Find the line in the entries below that contains "3. pedestrian from (0, 874) to (32, 913)". Repeat it exactly, and every line after it through the line that contains "15. car from (1570, 841) to (1642, 879)".

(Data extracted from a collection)
━━━━━━━━

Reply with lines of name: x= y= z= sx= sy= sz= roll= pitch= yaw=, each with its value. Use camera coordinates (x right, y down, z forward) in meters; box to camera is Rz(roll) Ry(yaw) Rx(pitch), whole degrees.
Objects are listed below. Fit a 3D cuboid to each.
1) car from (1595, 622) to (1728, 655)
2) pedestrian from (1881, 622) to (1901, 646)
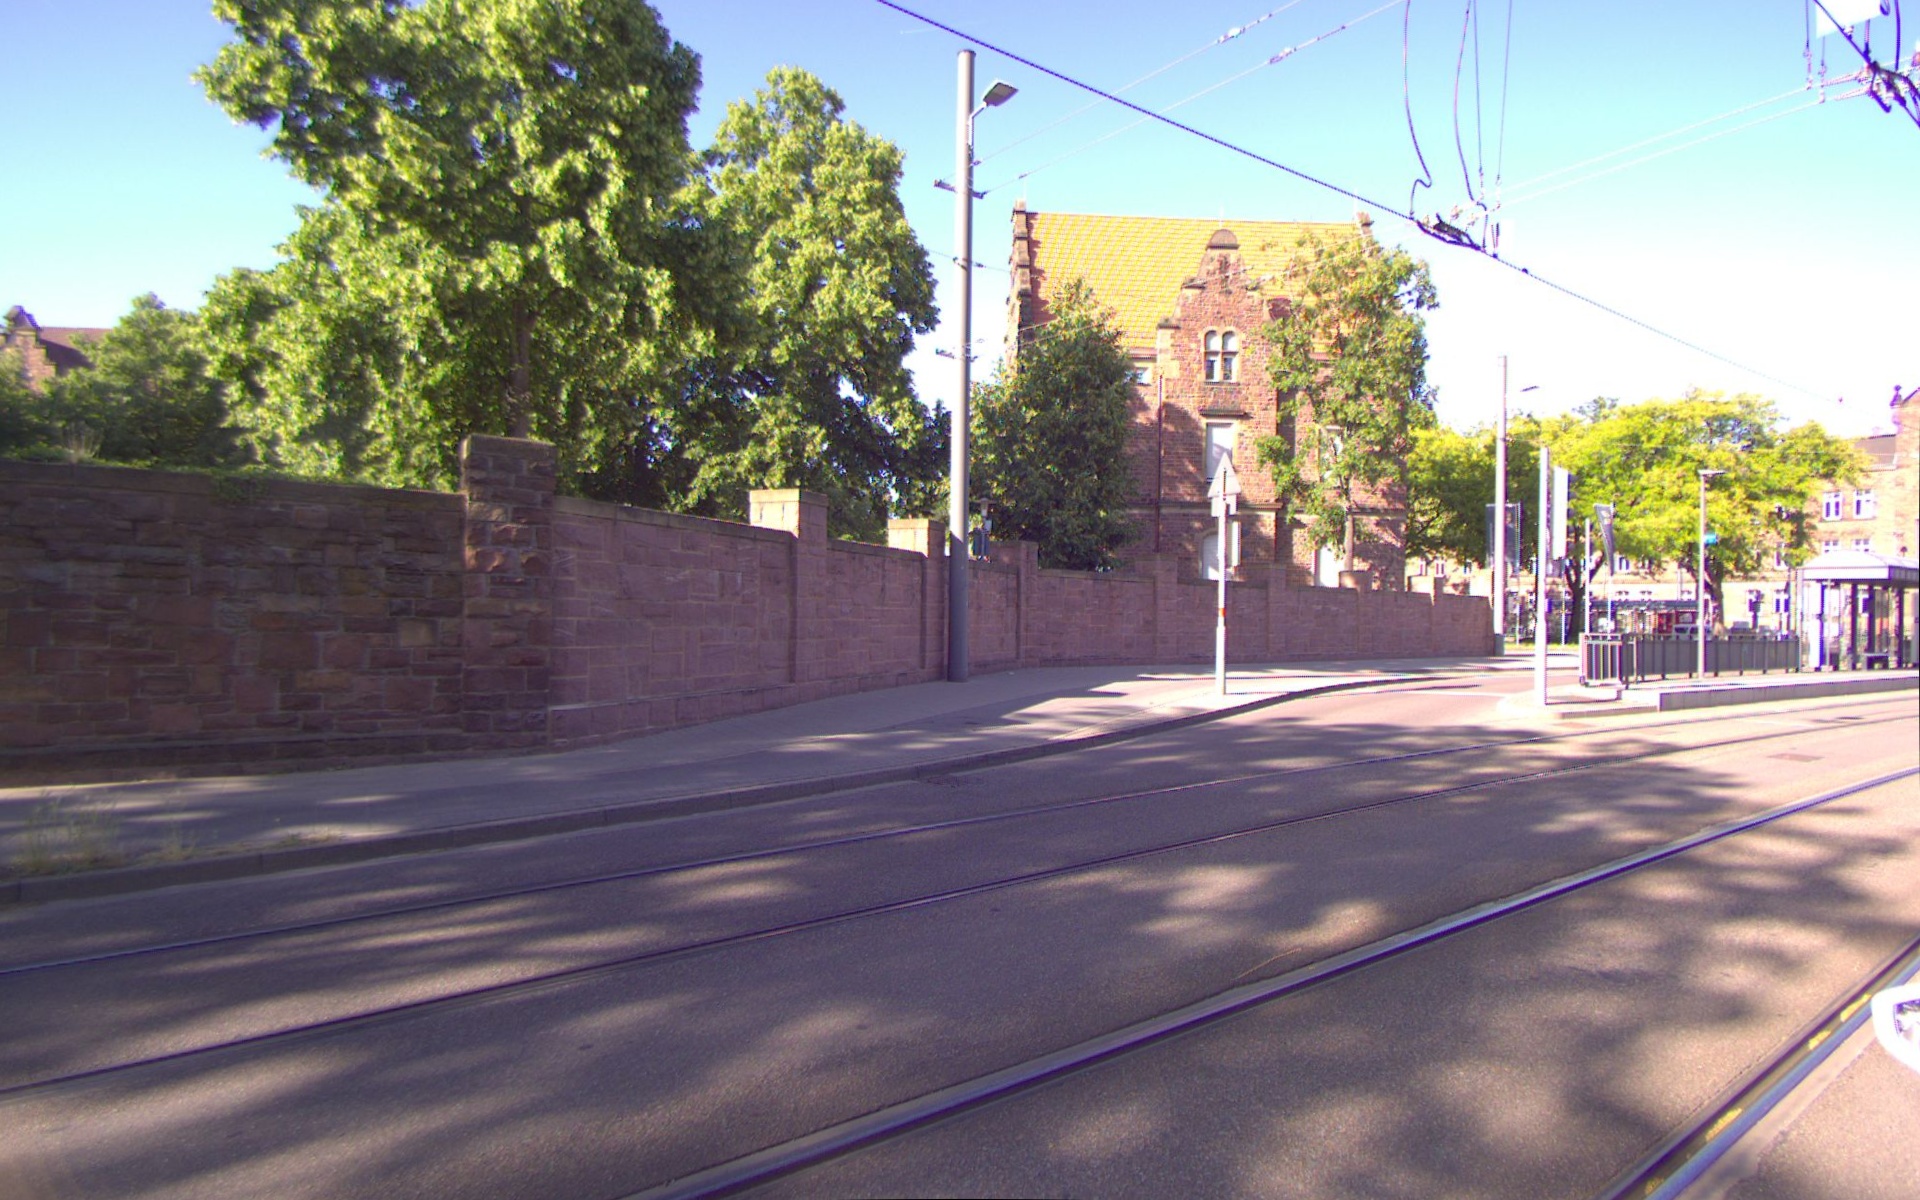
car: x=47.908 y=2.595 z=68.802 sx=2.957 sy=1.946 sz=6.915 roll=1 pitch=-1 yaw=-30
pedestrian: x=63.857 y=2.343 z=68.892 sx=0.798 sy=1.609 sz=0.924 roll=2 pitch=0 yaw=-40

━━━━━━━━

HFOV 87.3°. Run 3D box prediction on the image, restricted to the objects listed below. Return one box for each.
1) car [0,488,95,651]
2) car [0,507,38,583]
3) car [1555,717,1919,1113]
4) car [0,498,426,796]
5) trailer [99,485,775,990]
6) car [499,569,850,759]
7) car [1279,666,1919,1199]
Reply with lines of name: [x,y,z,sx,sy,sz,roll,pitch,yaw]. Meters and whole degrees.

━━━━━━━━

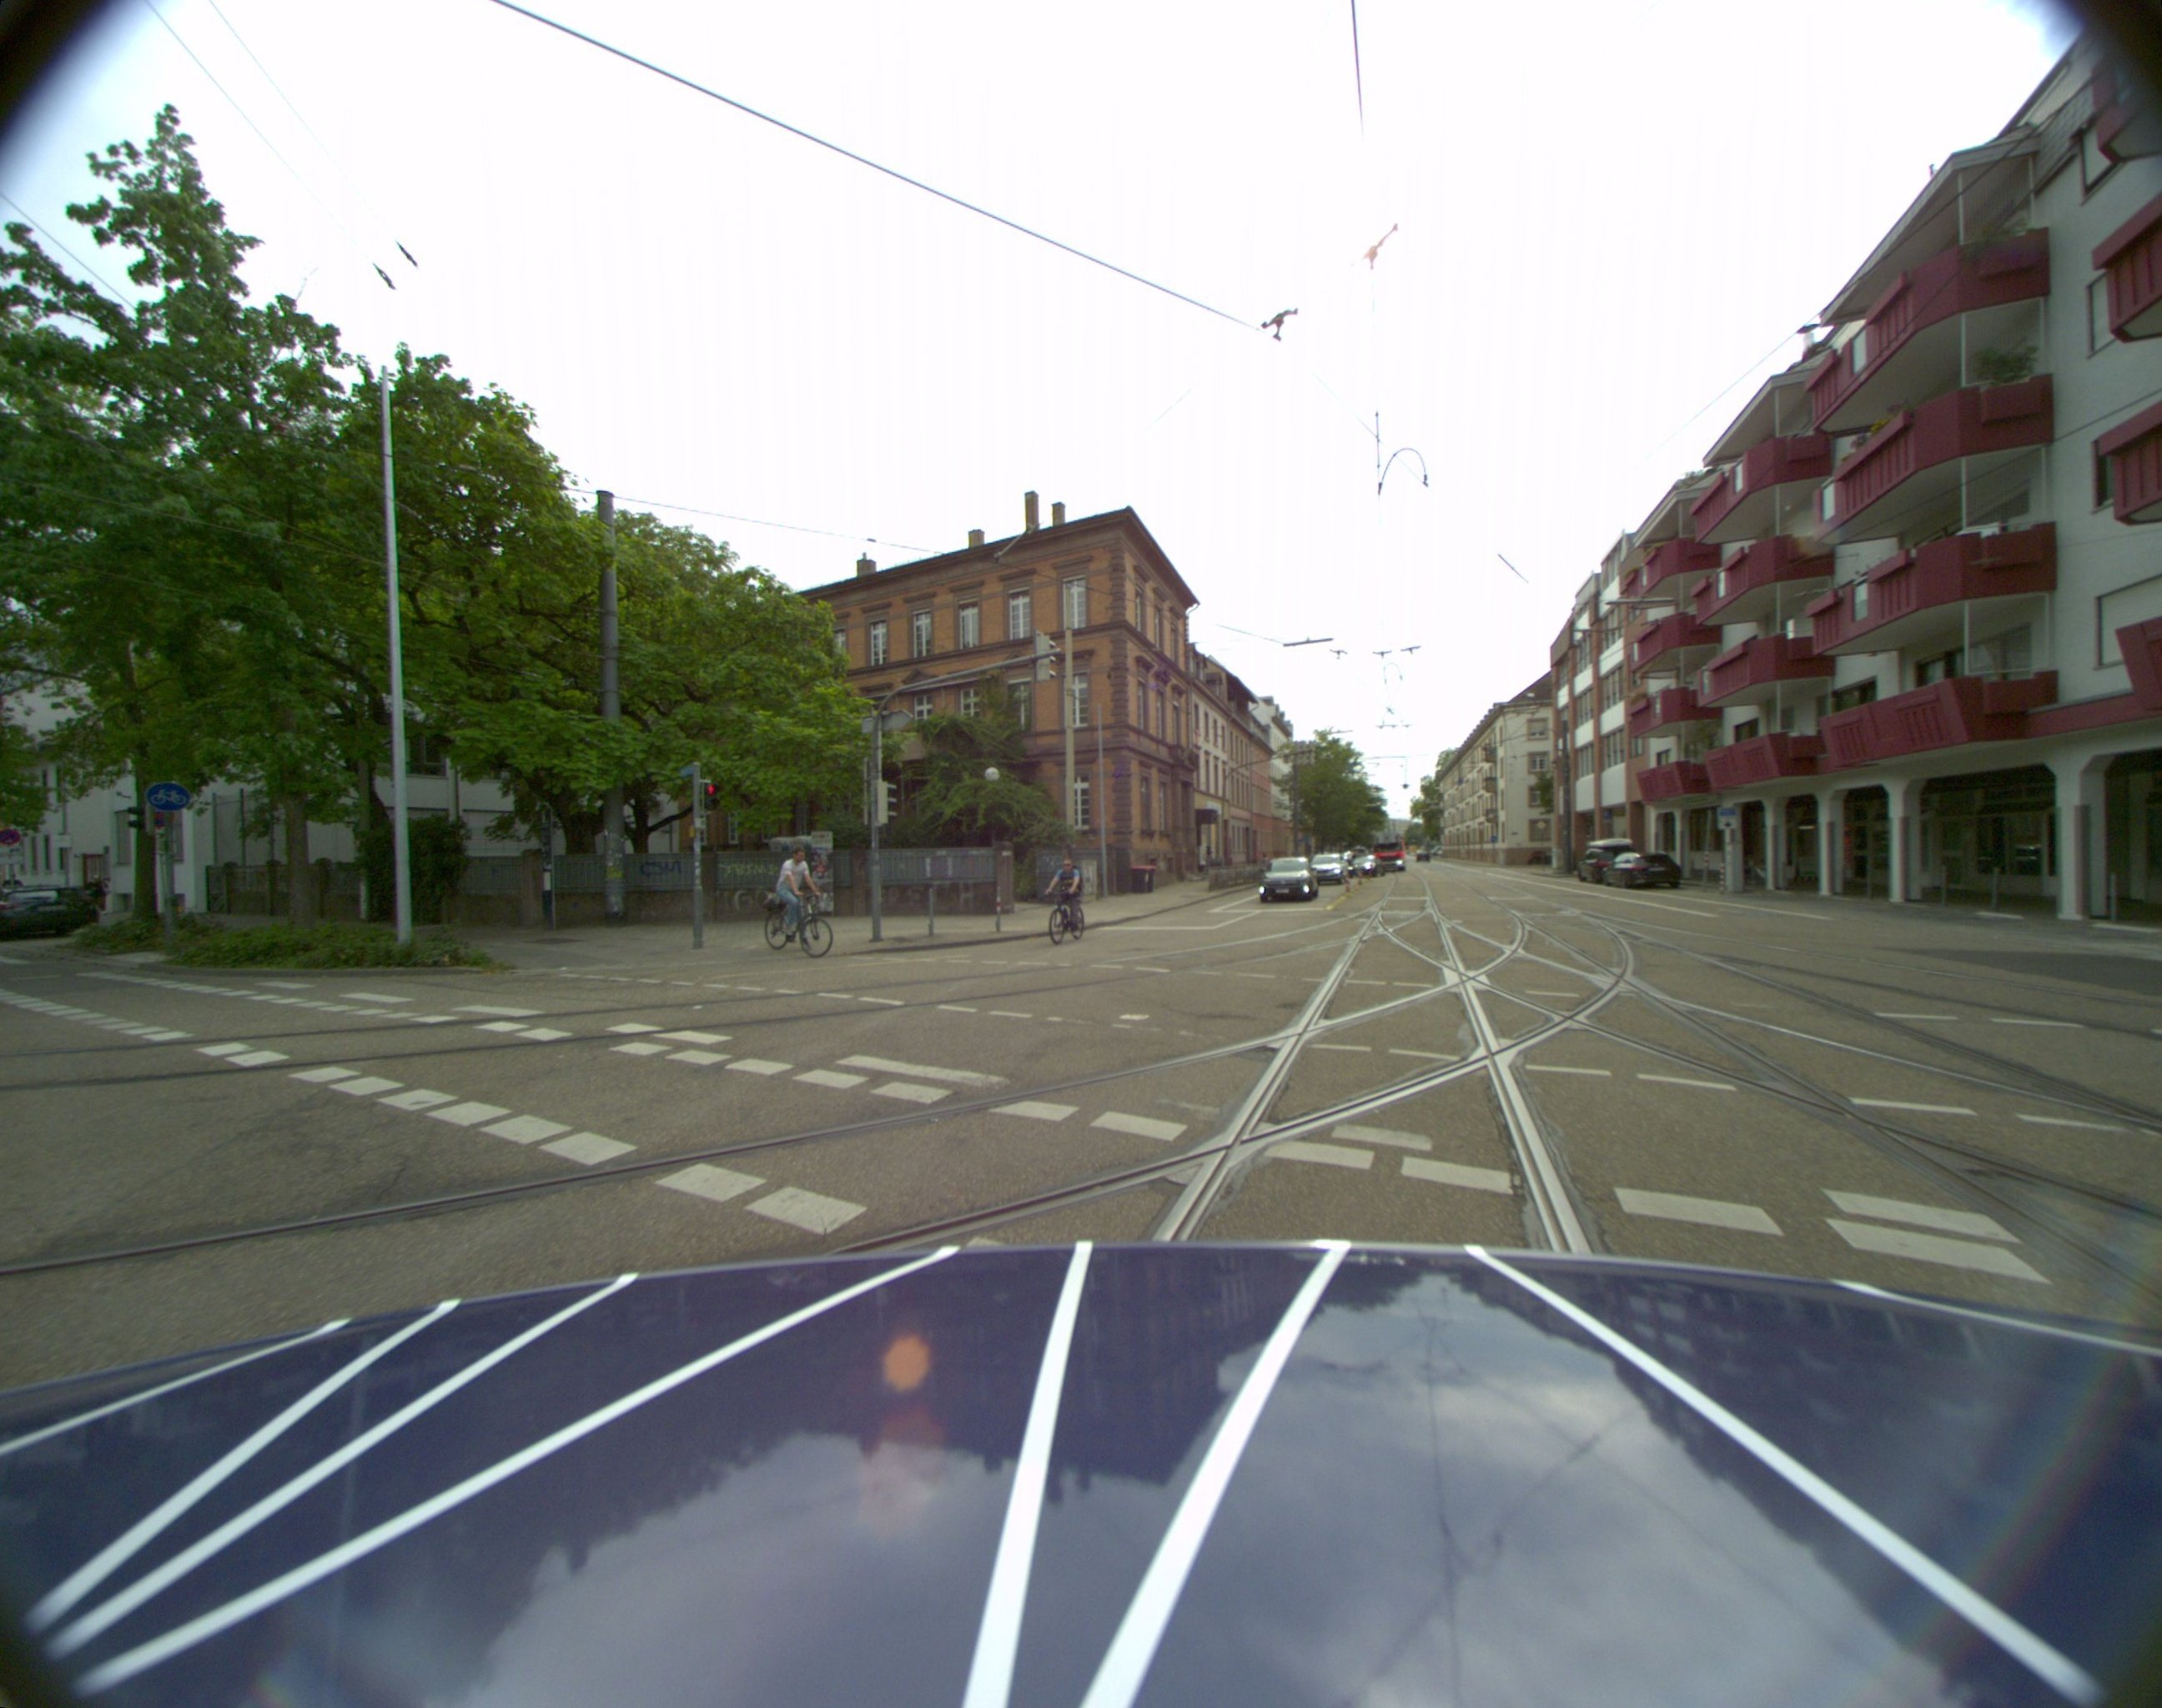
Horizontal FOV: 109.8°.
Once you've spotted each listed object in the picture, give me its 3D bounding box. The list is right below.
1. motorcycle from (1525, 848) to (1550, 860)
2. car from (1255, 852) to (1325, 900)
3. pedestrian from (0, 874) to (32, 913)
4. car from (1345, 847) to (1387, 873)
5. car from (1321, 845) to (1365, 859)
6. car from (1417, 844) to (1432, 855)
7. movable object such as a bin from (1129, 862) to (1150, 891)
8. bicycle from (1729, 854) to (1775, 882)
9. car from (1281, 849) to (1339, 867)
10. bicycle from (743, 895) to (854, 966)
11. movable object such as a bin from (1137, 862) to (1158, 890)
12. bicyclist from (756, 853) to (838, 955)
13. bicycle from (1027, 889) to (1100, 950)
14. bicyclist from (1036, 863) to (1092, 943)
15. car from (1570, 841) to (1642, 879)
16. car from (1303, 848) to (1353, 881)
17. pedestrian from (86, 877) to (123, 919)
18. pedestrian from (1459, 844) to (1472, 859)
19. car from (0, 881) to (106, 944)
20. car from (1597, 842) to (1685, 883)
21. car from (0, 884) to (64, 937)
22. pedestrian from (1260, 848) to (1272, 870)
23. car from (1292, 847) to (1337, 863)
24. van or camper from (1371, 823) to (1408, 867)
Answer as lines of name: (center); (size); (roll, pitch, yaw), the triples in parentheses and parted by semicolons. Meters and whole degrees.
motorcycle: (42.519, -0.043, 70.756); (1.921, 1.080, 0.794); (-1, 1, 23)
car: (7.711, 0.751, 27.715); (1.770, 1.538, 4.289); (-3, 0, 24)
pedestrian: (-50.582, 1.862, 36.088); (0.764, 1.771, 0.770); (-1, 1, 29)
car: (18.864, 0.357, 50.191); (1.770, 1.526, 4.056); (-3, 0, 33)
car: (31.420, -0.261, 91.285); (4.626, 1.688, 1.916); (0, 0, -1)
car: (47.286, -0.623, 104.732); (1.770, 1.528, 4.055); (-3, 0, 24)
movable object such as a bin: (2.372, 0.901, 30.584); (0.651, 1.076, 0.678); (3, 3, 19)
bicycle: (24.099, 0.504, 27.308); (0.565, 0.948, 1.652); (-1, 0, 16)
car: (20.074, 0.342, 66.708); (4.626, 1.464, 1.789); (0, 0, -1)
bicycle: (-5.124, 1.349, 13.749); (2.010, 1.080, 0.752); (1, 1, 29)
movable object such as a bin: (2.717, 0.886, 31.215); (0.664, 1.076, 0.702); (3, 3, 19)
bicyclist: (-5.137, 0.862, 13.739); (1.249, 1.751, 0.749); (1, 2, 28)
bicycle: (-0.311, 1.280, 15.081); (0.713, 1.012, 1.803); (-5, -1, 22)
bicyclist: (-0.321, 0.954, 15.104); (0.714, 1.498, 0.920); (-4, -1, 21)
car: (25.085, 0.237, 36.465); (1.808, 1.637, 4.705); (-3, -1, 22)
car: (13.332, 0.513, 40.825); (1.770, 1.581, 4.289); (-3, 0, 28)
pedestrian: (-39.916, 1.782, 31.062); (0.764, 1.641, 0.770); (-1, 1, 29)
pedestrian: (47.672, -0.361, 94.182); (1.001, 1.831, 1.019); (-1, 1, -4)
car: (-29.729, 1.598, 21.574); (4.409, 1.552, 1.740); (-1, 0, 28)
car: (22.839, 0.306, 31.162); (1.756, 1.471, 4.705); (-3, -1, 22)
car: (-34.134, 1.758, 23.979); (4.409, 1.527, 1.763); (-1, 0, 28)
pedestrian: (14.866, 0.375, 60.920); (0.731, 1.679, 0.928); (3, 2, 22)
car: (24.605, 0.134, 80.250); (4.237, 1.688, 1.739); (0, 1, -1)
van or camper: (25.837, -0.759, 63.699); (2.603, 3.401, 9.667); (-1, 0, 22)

━━━━━━━━

Task solution
3. pedestrian from (0, 874) to (32, 913)
4. car from (1345, 847) to (1387, 873)
5. car from (1321, 845) to (1365, 859)
6. car from (1417, 844) to (1432, 855)
7. movable object such as a bin from (1129, 862) to (1150, 891)
8. bicycle from (1729, 854) to (1775, 882)
9. car from (1281, 849) to (1339, 867)
10. bicycle from (743, 895) to (854, 966)
11. movable object such as a bin from (1137, 862) to (1158, 890)
12. bicyclist from (756, 853) to (838, 955)
13. bicycle from (1027, 889) to (1100, 950)
14. bicyclist from (1036, 863) to (1092, 943)
15. car from (1570, 841) to (1642, 879)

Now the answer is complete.